As of the closing date of this article, the remaining 12 ETRCs were pending pre-feasibility studies.
With respect to housing subsidies, the ARN is in the process of identifying potential beneficiaries in the ETCRs of Los Monos I and II (San Lorenzo and Tumburao Reservations), Pondores, Mutatá, La Plancha and Yari. Additionally, this agency sent the list of potential beneficiaries of the Llano Grande (109 potential households) and Filipinas (187 potential households) to Fonvivienda for their respective studies.
External evaluations
In the midst of the positions put forward by the ex-FARC guerrillas and the ARN, on behalf of the State, there are control entities and civil society organizations that monitor the implementation of the Peace Agreement, whose analyses ponder the progress and pending tasks.
In the Third Report to Congress on the status of the implementation of the Peace Agreement presented to the Congress of the Republic, submitted last August, the Attorney General's Office expressed its concern about the ARN's vision of the National Reincorporation System (SNR), an instrument created with Conpes 3931 of 2018 to follow up on the reincorporation process of former FARC combatants.
According to the report of this control entity, five years after the signing of the Peace Agreement there is no "plan to advance in the formalization of the SNR, and, on the contrary, it is not perceived as a necessary instance for the implementation of the policy [...] In this sense, it is unknown that the creation of the SNR is a commitment that was consigned in the Conpes 3931 of 2018".

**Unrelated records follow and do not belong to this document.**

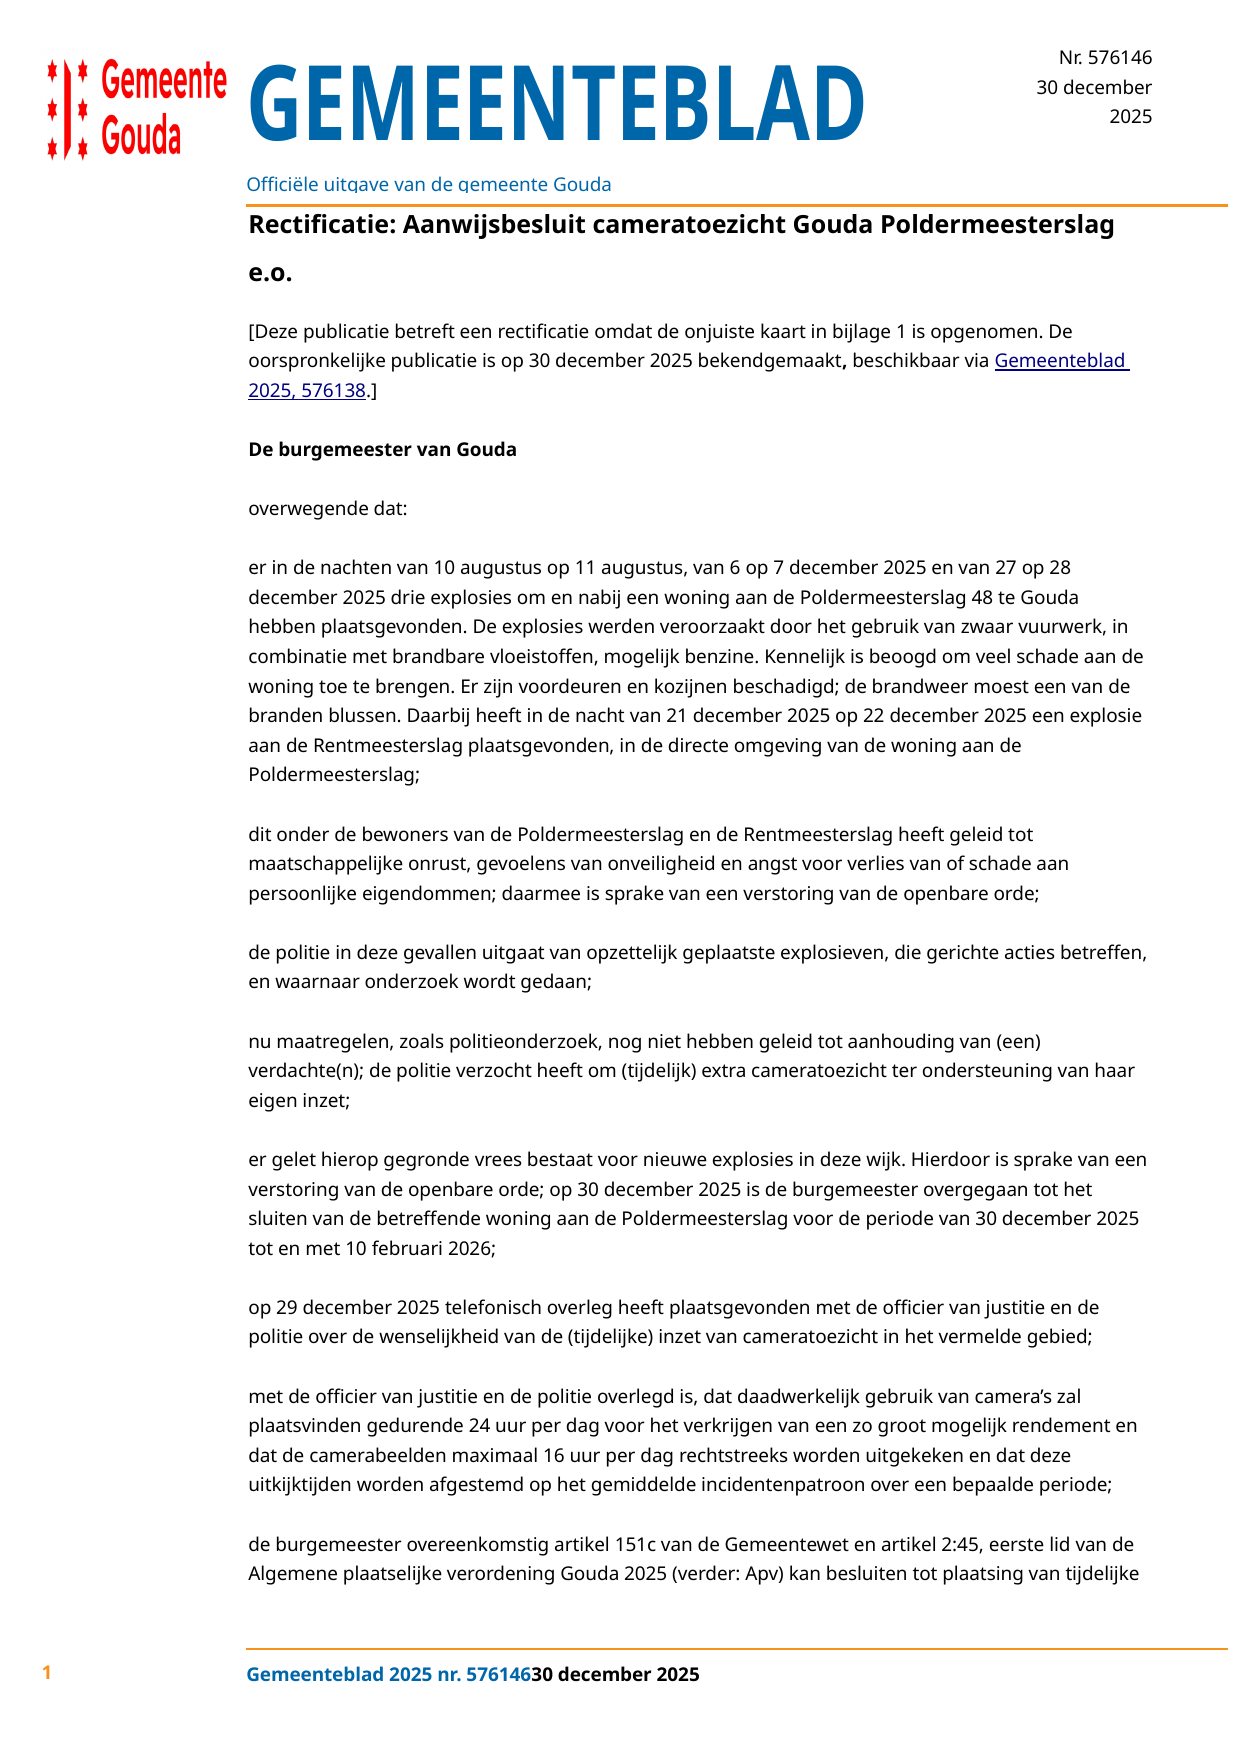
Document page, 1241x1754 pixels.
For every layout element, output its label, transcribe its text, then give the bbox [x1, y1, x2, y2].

text nu maatregelen, zoals politieonderzoek, nog niet hebben geleid tot aanhouding van (een) verdachte(n); de politie verzocht heeft om (tijdelijk) extra cameratoezicht ter ondersteuning van haar eigen inzet; [248, 1028, 1152, 1113]
text [Deze publicatie betreft een rectificatie omdat de onjuiste kaart in bijlage 1 is opgenomen. De oorspronkelijke publicatie is op 30 december 2025 bekendgemaakt, beschikbaar via Gemeenteblad 2025, 576138.] [248, 318, 1152, 403]
text op 29 december 2025 telefonisch overleg heeft plaatsgevonden met de officier van justitie en de politie over de wenselijkheid van de (tijdelijke) inzet van cameratoezicht in het vermelde gebied; [248, 1294, 1152, 1349]
text de politie in deze gevallen uitgaat van opzettelijk geplaatste explosieven, die gerichte acties betreffen, en waarnaar onderzoek wordt gedaan; [248, 939, 1152, 994]
picture [41, 47, 231, 172]
text Rectificatie: Aanwijsbesluit cameratoezicht Gouda Poldermeesterslag e.o. [248, 207, 1152, 288]
text de burgemeester overeenkomstig artikel 151c van de Gemeentewet en artikel 2:45, eerste lid van de Algemene plaatselijke verordening Gouda 2025 (verder: Apv) kan besluiten tot plaatsing van tijdelijke [248, 1531, 1152, 1586]
text De burgemeester van Gouda [248, 436, 1152, 462]
text met de officier van justitie en de politie overlegd is, dat daadwerkelijk gebruik van camera’s zal plaatsvinden gedurende 24 uur per dag voor het verkrijgen van een zo groot mogelijk rendement en dat de camerabeelden maximaal 16 uur per dag rechtstreeks worden uitgekeken en dat deze uitkijktijden worden afgestemd op het gemiddelde incidentenpatroon over een bepaalde periode; [248, 1383, 1152, 1497]
text er in de nachten van 10 augustus op 11 augustus, van 6 op 7 december 2025 en van 27 op 28 december 2025 drie explosies om en nabij een woning aan de Poldermeesterslag 48 te Gouda hebben plaatsgevonden. De explosies werden veroorzaakt door het gebruik van zwaar vuurwerk, in combinatie met brandbare vloeistoffen, mogelijk benzine. Kennelijk is beoogd om veel schade aan de woning toe te brengen. Er zijn voordeuren en kozijnen beschadigd; de brandweer moest een van de branden blussen. Daarbij heeft in de nacht van 21 december 2025 op 22 december 2025 een explosie aan de Rentmeesterslag plaatsgevonden, in de directe omgeving van de woning aan de Poldermeesterslag; [248, 554, 1152, 787]
text dit onder de bewoners van de Poldermeesterslag en de Rentmeesterslag heeft geleid tot maatschappelijke onrust, gevoelens van onveiligheid en angst voor verlies van of schade aan persoonlijke eigendommen; daarmee is sprake van een verstoring van de openbare orde; [248, 821, 1152, 906]
text er gelet hierop gegronde vrees bestaat voor nieuwe explosies in deze wijk. Hierdoor is sprake van een verstoring van de openbare orde; op 30 december 2025 is de burgemeester overgegaan tot het sluiten van de betreffende woning aan de Poldermeesterslag voor de periode van 30 december 2025 tot en met 10 februari 2026; [248, 1146, 1152, 1261]
text overwegende dat: [248, 495, 1152, 521]
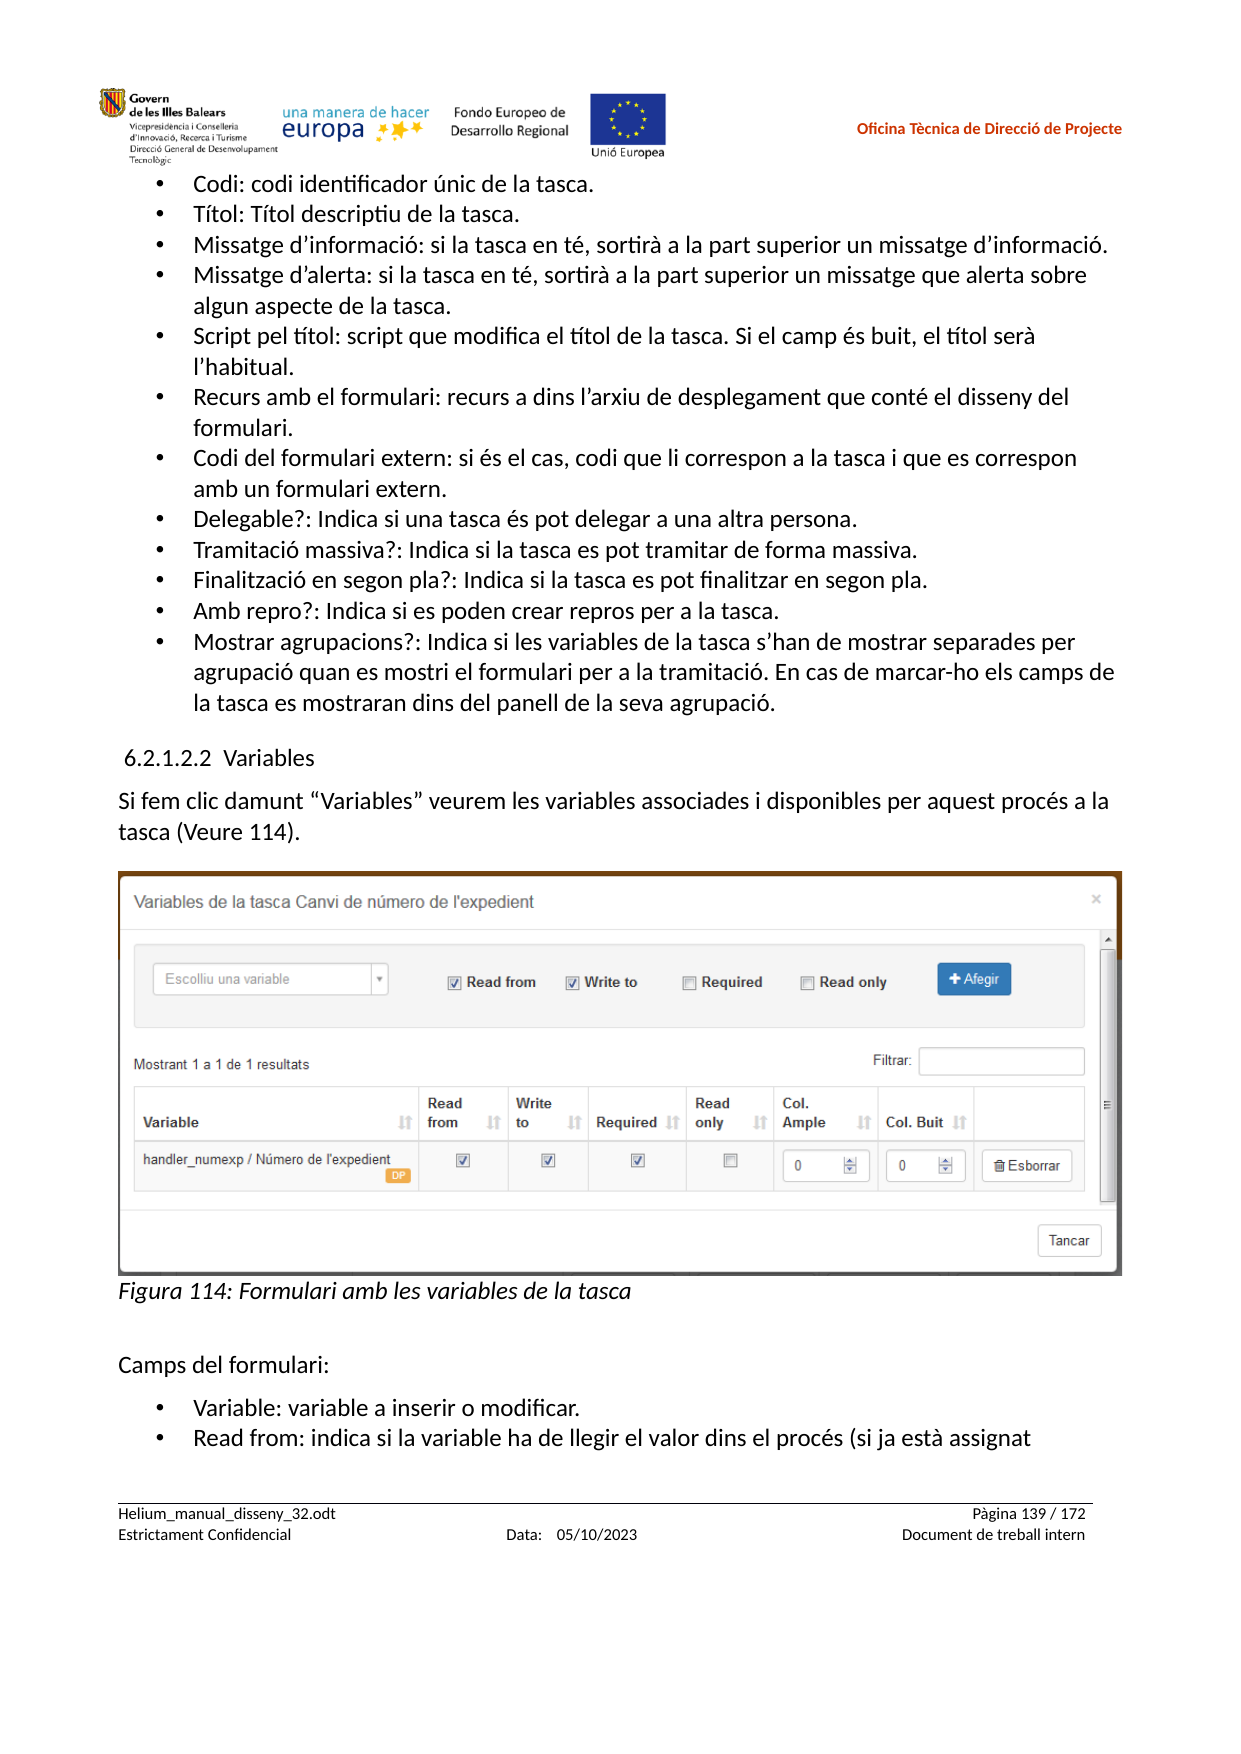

In addition to this, the Attorney General's Office was concerned that "the actions of the ARN continue to expand without having a formal instrument that guarantees the accompaniment of the competent institutions to assist the communities, as this control body has reiterated in past reports to Congress and in other instances".
The Public Ministry highlighted some achievements of the implementation, such as the regulations governing access to housing, the approval of the long-term social and economic reincorporation route, the consolidation of the ETCRs, the land purchase processes and the development of their productive projects.
However, it reiterated the "call to guarantee an impact and improvement in the quality of life of people in the reincorporation process and their families, for which it emphasizes, the importance of having an instrument to measure the impact of public policy and thus identify aspects to be strengthened in the social offer of the State", in reference to the National Reincorporation System.
The subject was taken up again, in its last quarterly analysis, by the Kroc Institute of the University of Notre Dame, for the period July-September of this year. This institution also highlighted the achievements so far, but indicated that "the construction and implementation of the National Reincorporation System (SNR) for the articulation and follow-up of the programs, plans and projects of the reincorporation process" is yet to be completed.
The former guerrilla leader summarizes what is required to strengthen the reincorporation process for the coming years: "it is necessary to join actions, efforts of the whole Colombian society, change the correlation of forces, strengthen the emotion of peace to advance on a clearer path".